IV. EVALUATING DISABILITY
As the claimant, Mr. Rodgers bears the burden of proving that he is disabled within the meaning of the Social Security Act (the "Act"). Meanel v. Apfel, 172 F.3d 1111, 1113 (9th Cir. 1999) (internal citations omitted). The Act defines disability as the "inability to engage in any substantial gainful activity" due to a physical or mental impairment which has lasted, or is expected to last, for a continuous period of not less than twelve months. 42 U.S.C. §§ 423(d)(1)(A), 1382c(a)(3)(A). A claimant is disabled under the Act only if his impairments are of such severity that he is unable to do his previous work, and cannot, considering his age, education, and work experience, engage in any other substantial gainful activity existing in the national economy. 42 U.S.C. §§ 423(d)(2)(A); see also Tackett v. Apfel, 180 F.3d 1094, 1098-99 (9th Cir. 1999).

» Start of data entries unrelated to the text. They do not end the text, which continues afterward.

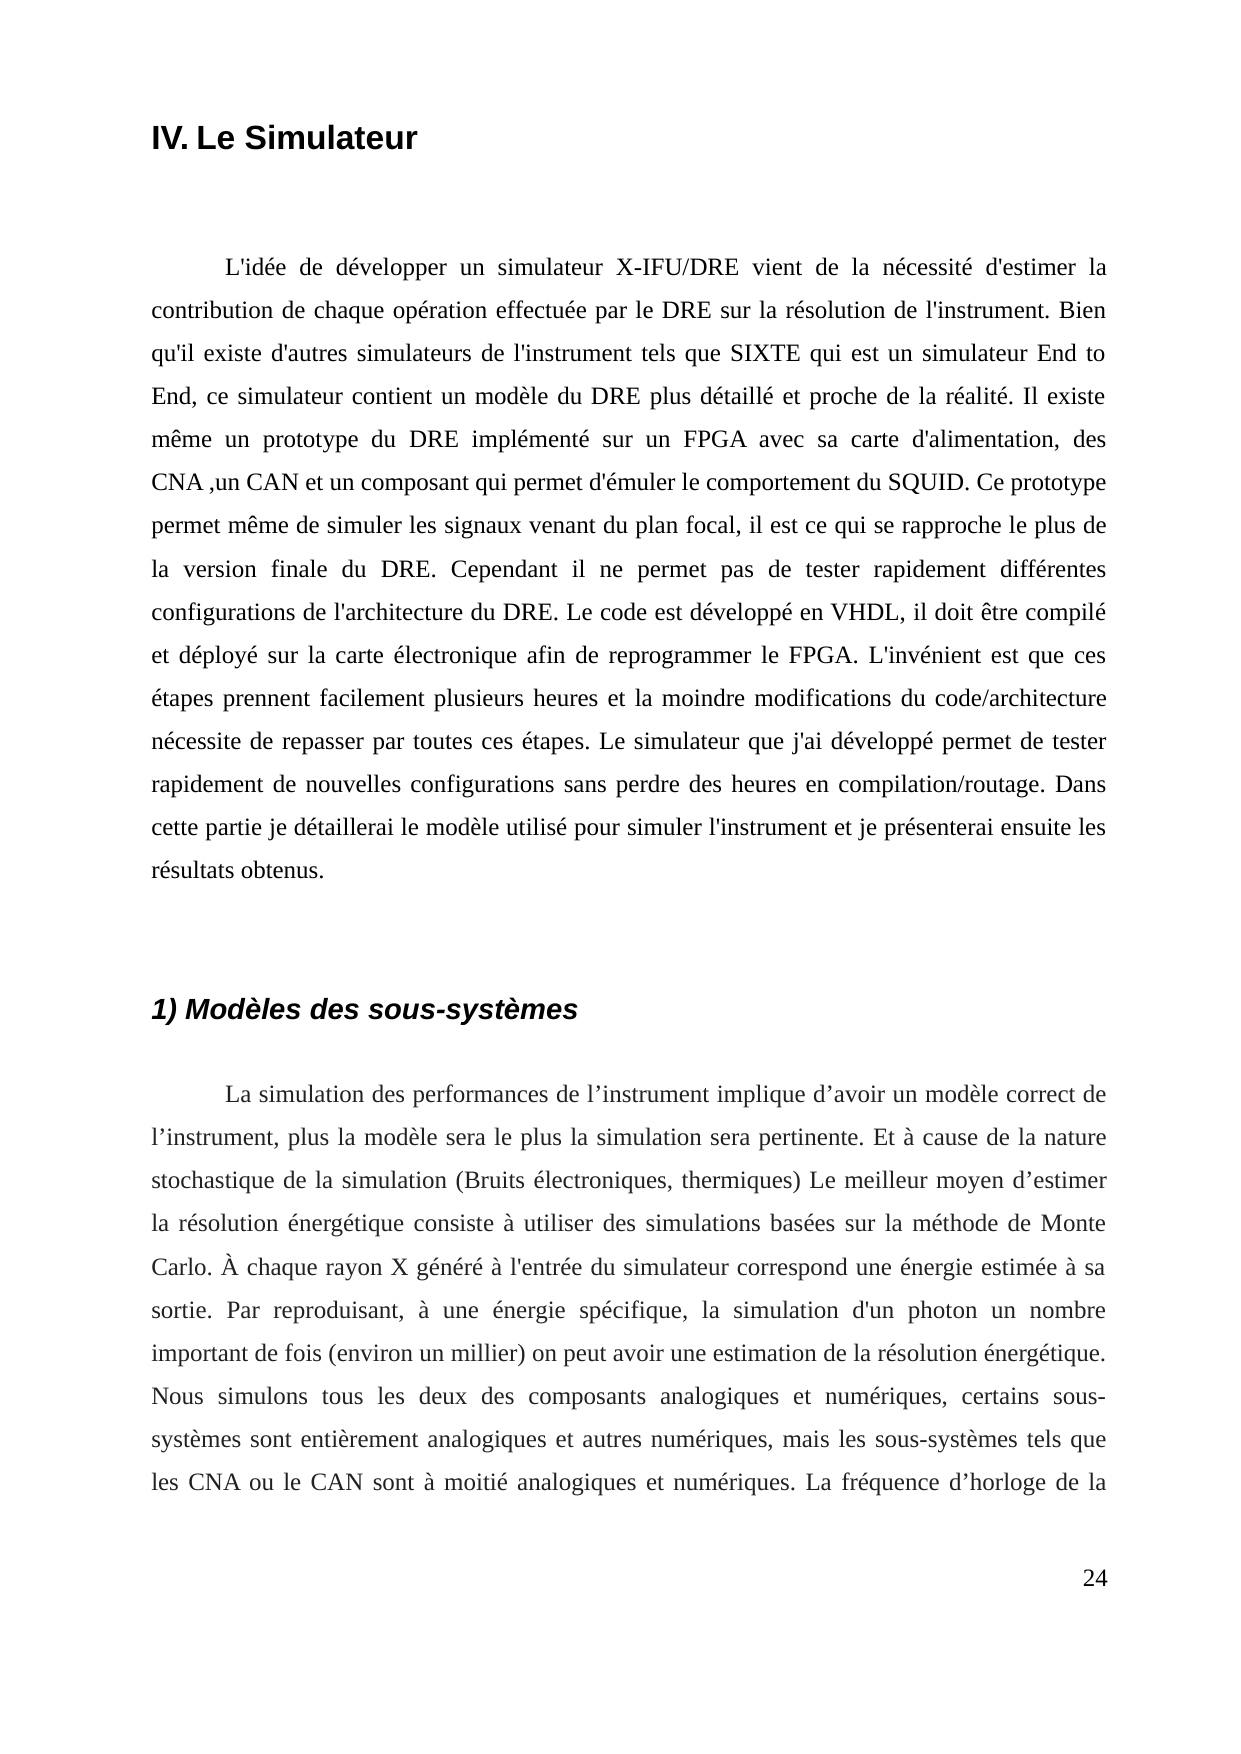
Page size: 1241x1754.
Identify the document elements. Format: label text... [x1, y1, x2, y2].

text L'idée de développer un simulateur X-IFU/DRE vient de la nécessité d'estimer la contribution de chaque opération effectuée par le DRE sur la résolution de l'instrument. Bien qu'il existe d'autres simulateurs de l'instrument tels que SIXTE qui est un simulateur End to End, ce simulateur contient un modèle du DRE plus détaillé et proche de la réalité. Il existe même un prototype du DRE implémenté sur un FPGA avec sa carte d'alimentation, des CNA ,un CAN et un composant qui permet d'émuler le comportement du SQUID. Ce prototype permet même de simuler les signaux venant du plan focal, il est ce qui se rapproche le plus de la version finale du DRE. Cependant il ne permet pas de tester rapidement différentes configurations de l'architecture du DRE. Le code est développé en VHDL, il doit être compilé et déployé sur la carte électronique afin de reprogrammer le FPGA. L'invénient est que ces étapes prennent facilement plusieurs heures et la moindre modifications du code/architecture nécessite de repasser par toutes ces étapes. Le simulateur que j'ai développé permet de tester rapidement de nouvelles configurations sans perdre des heures en compilation/routage. Dans cette partie je détaillerai le modèle utilisé pour simuler l'instrument et je présenterai ensuite les résultats obtenus. [151, 252, 1108, 884]
subtitle IV. Le Simulateur [151, 118, 1108, 157]
text La simulation des performances de l’instrument implique d’avoir un modèle correct de l’instrument, plus la modèle sera le plus la simulation sera pertinente. Et à cause de la nature stochastique de la simulation (Bruits électroniques, thermiques) Le meilleur moyen d’estimer la résolution énergétique consiste à utiliser des simulations basées sur la méthode de Monte Carlo. À chaque rayon X généré à l'entrée du simulateur correspond une énergie estimée à sa sortie. Par reproduisant, à une énergie spécifique, la simulation d'un photon un nombre important de fois (environ un millier) on peut avoir une estimation de la résolution énergétique. Nous simulons tous les deux des composants analogiques et numériques, certains sous-systèmes sont entièrement analogiques et autres numériques, mais les sous-systèmes tels que les CNA ou le CAN sont à moitié analogiques et numériques. La fréquence d’horloge de la [151, 1079, 1108, 1496]
subtitle 1) Modèles des sous-systèmes [151, 992, 1108, 1025]

The Commissioner has established a five step sequential evaluation process for determining whether a claimant is disabled within the meaning of the Act. See 20 C.F.R. §§ 404.1520, 416.920. The claimant bears the burden of proof during steps one through four. At step five, the burden shifts to the Commissioner. Id. If a claimant is found to be disabled at any step in the sequence, the inquiry ends without the need to consider subsequent steps. Step one asks whether the claimant is presently engaged in "substantial gainful activity." 20 C.F.R. §§ 404.1520(b), 416.920(b). If he is, disability benefits are denied. If he is not, the Commissioner proceeds to step two. At step two, the claimant must establish that he has one or more medically severe impairments, or combination of impairments, that limit his physical or mental ability to do basic work activities. If the claimant does not have such impairments, he is not disabled. 20 C.F.R. §§ 404.1520(c), 416.920(c). If the claimant does have a severe impairment, the Commissioner moves to step three to determine whether the impairment meets or equals any of the listed impairments described in the regulations. 20 C.F.R. §§ 404.1520(d), 416.920(d). A claimant whose impairment meets or equals one of the listings for the required twelve-month duration requirement is disabled. Id.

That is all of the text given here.